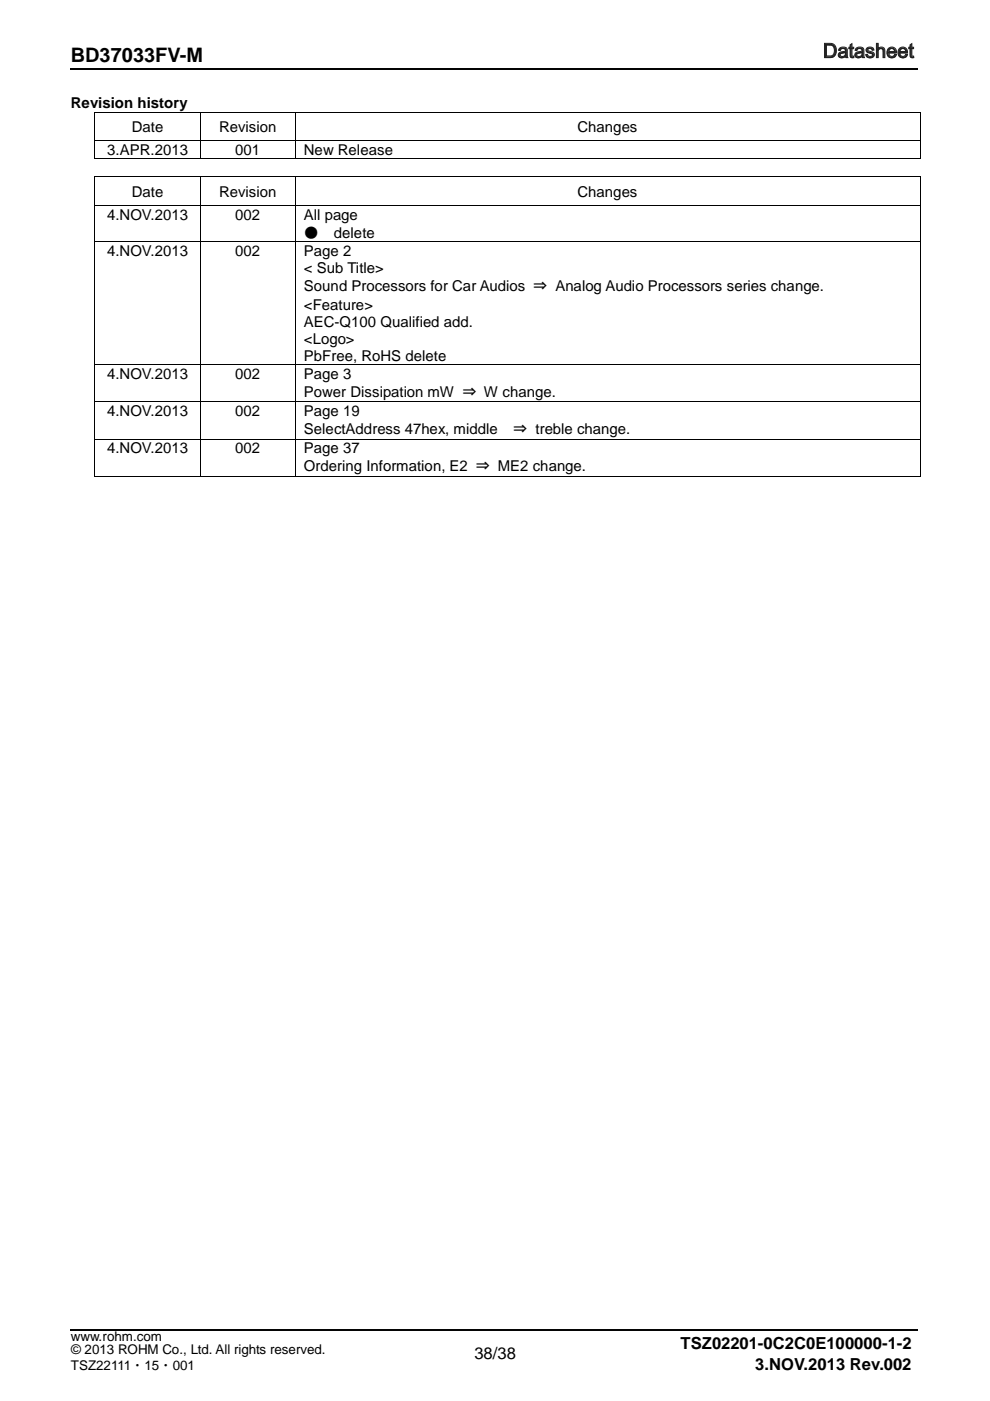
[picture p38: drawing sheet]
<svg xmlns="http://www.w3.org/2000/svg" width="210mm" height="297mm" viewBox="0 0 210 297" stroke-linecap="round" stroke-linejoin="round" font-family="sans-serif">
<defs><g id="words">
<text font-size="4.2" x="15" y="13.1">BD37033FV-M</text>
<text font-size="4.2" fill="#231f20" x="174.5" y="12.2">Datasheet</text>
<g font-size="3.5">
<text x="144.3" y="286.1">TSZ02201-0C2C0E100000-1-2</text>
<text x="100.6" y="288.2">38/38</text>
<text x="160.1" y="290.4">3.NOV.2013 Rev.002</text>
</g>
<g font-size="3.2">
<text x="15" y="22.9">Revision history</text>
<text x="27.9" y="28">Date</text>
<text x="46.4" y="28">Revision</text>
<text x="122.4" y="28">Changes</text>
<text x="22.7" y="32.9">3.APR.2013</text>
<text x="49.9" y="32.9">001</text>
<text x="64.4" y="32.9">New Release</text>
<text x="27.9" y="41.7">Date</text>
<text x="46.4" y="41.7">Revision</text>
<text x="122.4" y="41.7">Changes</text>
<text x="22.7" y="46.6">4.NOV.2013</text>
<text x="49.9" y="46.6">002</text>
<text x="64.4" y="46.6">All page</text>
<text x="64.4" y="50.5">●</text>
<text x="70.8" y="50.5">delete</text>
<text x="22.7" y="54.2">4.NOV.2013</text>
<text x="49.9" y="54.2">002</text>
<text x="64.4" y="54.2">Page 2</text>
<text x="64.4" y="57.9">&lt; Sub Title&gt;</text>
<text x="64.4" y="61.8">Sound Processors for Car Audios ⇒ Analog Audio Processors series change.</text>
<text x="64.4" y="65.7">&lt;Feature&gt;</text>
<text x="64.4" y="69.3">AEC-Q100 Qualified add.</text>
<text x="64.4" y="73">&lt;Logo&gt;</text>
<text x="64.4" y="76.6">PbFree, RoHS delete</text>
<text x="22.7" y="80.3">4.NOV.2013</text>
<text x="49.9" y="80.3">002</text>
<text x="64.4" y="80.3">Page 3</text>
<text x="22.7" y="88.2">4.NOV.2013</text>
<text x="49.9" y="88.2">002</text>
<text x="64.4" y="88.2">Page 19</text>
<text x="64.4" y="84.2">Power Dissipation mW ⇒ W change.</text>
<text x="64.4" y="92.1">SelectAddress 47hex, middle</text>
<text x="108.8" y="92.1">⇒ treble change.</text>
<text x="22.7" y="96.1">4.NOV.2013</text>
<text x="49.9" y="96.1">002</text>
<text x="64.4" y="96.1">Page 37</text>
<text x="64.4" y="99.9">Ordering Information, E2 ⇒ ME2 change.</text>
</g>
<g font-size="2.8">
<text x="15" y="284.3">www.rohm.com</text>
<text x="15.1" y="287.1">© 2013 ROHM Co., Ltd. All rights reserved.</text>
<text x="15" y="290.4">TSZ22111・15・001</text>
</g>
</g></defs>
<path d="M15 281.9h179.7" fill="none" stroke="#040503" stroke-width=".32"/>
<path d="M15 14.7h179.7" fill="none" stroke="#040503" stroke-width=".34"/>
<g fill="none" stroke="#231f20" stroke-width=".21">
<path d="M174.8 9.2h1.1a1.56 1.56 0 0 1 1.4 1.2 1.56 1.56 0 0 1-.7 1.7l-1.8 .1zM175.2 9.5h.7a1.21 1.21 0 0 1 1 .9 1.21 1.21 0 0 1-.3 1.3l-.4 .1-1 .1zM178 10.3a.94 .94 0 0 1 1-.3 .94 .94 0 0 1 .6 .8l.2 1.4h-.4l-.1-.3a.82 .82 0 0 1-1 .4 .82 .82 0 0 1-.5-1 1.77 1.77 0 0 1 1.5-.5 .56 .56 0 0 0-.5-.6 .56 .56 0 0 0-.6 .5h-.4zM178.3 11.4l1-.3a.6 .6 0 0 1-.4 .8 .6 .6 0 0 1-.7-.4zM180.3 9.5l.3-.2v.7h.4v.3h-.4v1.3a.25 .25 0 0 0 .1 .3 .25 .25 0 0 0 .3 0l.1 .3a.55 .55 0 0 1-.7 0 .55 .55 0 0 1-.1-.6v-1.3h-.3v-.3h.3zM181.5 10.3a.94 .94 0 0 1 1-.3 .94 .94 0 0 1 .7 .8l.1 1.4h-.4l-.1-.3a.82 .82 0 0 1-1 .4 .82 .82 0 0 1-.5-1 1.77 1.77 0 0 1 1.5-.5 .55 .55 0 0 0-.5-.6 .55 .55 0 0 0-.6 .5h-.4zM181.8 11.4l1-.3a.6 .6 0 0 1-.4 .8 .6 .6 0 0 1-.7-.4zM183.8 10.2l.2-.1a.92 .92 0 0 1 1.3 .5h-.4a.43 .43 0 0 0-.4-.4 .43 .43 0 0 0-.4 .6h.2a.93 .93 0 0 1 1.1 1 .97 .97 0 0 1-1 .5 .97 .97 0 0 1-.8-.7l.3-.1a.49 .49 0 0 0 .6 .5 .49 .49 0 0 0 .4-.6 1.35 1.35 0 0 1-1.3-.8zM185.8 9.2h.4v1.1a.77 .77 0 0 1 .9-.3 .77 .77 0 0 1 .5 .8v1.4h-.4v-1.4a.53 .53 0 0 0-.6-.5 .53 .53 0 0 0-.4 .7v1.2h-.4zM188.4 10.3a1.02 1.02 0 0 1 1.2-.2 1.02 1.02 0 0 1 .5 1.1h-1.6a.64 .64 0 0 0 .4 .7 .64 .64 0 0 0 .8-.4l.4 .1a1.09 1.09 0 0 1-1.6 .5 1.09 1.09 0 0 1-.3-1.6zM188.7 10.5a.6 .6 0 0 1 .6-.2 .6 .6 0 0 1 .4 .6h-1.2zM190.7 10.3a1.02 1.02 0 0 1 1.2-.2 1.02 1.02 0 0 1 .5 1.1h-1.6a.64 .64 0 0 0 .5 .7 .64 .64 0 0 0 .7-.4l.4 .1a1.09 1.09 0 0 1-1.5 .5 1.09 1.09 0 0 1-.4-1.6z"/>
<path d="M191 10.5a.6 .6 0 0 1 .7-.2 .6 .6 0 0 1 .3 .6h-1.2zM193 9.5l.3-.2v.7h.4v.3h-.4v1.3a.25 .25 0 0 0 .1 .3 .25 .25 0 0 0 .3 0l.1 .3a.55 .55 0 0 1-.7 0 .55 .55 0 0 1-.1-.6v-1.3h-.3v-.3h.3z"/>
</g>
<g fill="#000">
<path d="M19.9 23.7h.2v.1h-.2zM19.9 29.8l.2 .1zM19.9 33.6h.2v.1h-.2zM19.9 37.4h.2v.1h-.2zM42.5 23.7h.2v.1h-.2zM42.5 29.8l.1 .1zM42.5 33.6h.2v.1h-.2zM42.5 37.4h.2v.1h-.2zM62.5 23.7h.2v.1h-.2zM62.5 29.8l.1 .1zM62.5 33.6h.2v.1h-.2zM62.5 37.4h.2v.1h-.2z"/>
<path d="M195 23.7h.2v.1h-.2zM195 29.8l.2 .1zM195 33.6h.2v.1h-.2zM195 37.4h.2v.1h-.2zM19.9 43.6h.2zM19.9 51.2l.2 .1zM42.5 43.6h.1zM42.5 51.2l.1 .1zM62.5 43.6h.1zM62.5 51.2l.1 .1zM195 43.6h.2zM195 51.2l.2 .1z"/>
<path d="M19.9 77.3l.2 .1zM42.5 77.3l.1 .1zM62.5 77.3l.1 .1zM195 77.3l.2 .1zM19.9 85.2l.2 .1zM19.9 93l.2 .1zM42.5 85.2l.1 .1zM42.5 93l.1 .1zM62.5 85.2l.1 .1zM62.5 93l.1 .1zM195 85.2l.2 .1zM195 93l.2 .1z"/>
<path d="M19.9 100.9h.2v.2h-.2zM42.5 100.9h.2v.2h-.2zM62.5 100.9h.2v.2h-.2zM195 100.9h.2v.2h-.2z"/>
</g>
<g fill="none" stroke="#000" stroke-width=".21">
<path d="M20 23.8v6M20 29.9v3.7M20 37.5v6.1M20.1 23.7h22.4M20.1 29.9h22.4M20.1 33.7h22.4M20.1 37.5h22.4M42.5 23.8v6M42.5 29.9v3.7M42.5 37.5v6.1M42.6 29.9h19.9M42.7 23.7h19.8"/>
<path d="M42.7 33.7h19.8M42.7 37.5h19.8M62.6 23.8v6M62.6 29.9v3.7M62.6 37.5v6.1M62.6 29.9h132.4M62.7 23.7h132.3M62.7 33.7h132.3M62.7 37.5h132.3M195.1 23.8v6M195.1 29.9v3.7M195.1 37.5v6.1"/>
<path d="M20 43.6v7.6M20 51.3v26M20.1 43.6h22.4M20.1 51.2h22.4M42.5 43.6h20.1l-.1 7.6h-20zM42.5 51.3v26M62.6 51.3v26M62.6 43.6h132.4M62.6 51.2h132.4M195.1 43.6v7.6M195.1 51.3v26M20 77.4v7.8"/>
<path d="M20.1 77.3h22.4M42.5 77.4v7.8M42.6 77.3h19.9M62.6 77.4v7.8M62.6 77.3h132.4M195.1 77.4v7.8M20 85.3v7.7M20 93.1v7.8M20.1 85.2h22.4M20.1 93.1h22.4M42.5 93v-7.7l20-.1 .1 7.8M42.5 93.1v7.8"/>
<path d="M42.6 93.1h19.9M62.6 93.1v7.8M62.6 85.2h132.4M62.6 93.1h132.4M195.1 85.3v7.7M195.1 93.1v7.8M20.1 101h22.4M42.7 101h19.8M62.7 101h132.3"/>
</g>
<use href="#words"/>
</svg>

★ ★ ★

## Work order
Where the word "none" shows up in a line of the entries above, copy that line.

## Answer to this problem
<path d="M15 281.9h179.7" fill="none" stroke="#040503" stroke-width=".32"/>
<path d="M15 14.7h179.7" fill="none" stroke="#040503" stroke-width=".34"/>
<g fill="none" stroke="#231f20" stroke-width=".21">
<g fill="none" stroke="#000" stroke-width=".21">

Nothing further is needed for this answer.